Supplied records:
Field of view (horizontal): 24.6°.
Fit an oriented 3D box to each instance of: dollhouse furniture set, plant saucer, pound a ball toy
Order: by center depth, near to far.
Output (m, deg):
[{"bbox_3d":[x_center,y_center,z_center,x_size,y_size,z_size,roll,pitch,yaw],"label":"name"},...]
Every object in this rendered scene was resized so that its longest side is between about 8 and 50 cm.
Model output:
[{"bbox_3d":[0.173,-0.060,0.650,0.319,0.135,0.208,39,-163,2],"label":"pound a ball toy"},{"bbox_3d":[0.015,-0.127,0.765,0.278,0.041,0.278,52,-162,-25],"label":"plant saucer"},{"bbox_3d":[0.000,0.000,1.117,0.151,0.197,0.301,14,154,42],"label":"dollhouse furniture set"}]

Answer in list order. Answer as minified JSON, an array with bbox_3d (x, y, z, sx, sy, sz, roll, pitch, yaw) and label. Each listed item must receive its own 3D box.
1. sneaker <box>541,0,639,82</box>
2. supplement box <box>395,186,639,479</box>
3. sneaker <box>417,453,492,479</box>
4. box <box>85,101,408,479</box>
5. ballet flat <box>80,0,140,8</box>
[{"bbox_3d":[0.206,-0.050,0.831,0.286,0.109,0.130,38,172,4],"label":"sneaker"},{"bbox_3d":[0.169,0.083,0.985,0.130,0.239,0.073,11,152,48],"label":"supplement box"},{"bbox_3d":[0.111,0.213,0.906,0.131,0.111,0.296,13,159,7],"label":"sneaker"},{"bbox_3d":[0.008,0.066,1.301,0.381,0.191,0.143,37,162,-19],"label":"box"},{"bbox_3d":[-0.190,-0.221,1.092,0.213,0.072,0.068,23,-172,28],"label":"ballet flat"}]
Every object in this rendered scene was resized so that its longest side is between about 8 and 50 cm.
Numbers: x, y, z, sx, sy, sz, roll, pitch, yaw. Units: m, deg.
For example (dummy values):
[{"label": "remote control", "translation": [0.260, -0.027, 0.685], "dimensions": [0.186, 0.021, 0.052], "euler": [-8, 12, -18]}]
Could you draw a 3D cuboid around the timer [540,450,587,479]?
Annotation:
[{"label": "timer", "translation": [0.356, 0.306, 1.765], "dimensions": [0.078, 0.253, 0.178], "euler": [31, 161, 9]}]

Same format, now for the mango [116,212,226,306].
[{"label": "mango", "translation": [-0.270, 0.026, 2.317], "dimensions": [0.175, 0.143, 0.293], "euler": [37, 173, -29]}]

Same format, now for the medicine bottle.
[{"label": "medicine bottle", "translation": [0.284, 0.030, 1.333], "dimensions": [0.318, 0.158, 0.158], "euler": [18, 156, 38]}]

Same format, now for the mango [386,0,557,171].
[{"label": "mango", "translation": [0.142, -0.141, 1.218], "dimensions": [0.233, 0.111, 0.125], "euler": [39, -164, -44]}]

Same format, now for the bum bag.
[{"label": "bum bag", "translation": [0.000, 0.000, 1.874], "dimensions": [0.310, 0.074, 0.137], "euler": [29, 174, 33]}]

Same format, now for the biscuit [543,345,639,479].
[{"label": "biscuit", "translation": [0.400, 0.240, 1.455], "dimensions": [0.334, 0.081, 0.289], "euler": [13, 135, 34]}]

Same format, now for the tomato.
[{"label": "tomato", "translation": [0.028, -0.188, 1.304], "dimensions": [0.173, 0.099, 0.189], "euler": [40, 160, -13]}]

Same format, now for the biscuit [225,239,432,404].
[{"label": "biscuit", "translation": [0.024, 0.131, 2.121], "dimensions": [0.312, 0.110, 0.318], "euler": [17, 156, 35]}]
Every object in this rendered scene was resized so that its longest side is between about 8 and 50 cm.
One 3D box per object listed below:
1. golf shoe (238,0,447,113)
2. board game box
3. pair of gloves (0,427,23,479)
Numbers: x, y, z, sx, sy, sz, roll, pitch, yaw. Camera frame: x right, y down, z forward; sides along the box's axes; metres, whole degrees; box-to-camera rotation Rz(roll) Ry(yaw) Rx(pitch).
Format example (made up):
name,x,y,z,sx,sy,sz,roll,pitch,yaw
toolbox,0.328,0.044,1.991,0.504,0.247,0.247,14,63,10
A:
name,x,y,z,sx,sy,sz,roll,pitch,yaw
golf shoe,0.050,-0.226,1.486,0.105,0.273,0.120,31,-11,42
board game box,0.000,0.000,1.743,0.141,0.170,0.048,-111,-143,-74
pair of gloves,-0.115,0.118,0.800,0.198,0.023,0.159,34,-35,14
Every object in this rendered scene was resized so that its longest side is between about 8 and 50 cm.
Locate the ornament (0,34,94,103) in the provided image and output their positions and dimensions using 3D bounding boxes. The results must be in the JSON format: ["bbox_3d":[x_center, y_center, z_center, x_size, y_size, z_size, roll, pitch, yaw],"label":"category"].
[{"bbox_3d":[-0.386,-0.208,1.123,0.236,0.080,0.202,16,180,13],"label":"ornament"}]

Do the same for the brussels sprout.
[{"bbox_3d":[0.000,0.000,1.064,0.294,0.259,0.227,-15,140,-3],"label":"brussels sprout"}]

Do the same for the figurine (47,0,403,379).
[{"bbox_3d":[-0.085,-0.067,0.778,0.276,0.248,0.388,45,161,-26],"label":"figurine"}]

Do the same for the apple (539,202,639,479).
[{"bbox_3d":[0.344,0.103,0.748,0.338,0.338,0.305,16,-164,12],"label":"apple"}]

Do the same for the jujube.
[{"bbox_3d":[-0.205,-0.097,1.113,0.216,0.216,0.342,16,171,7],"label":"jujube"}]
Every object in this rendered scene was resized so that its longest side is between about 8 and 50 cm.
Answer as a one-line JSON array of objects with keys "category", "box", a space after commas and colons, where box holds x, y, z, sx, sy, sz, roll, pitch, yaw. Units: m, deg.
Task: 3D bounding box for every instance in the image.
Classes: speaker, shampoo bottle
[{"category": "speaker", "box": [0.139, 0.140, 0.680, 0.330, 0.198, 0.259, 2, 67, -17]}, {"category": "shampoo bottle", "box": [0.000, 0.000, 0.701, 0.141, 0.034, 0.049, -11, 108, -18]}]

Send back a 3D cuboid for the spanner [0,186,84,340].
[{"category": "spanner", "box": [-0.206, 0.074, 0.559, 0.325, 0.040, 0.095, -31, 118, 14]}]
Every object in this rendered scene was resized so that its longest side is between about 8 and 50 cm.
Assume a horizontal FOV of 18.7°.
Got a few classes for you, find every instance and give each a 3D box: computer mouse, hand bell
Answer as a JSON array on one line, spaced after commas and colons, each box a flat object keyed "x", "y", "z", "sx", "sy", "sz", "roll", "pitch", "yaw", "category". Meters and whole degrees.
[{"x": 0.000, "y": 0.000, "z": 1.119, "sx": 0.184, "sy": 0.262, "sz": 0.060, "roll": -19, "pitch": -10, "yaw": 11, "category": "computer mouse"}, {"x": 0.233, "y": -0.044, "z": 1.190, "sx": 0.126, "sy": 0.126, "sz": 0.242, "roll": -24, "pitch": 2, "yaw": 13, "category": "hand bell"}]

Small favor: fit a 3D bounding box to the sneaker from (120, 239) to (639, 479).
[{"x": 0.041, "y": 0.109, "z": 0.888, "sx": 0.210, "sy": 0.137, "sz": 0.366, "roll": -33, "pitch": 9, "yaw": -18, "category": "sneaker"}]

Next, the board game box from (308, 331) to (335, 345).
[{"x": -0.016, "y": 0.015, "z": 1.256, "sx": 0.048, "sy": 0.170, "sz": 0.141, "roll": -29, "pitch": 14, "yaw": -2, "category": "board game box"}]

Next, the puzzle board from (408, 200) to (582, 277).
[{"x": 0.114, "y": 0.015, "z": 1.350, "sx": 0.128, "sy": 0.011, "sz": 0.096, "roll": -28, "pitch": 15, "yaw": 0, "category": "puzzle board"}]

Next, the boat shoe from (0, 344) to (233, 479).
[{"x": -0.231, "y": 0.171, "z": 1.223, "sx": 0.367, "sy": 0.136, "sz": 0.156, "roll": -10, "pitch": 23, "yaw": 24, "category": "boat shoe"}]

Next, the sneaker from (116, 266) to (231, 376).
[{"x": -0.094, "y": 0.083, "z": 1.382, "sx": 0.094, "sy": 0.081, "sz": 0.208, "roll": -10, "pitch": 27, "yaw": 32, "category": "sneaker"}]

What to produce:
Please copy every line from the entries that includes the word "with".

Completed exercise:
Answer in list order. Answer as minified JSON, an array with bbox_3d (x, y, z, sx, sy, sz, roll, pitch, yaw) and label. Each listed item must receive its own 3D box.
Answer as a one-line JSON array of objects with keys "category", "box", a space after commas and colons, where box holds x, y, z, sx, sy, sz, roll, pitch, yaw. Units: m, deg.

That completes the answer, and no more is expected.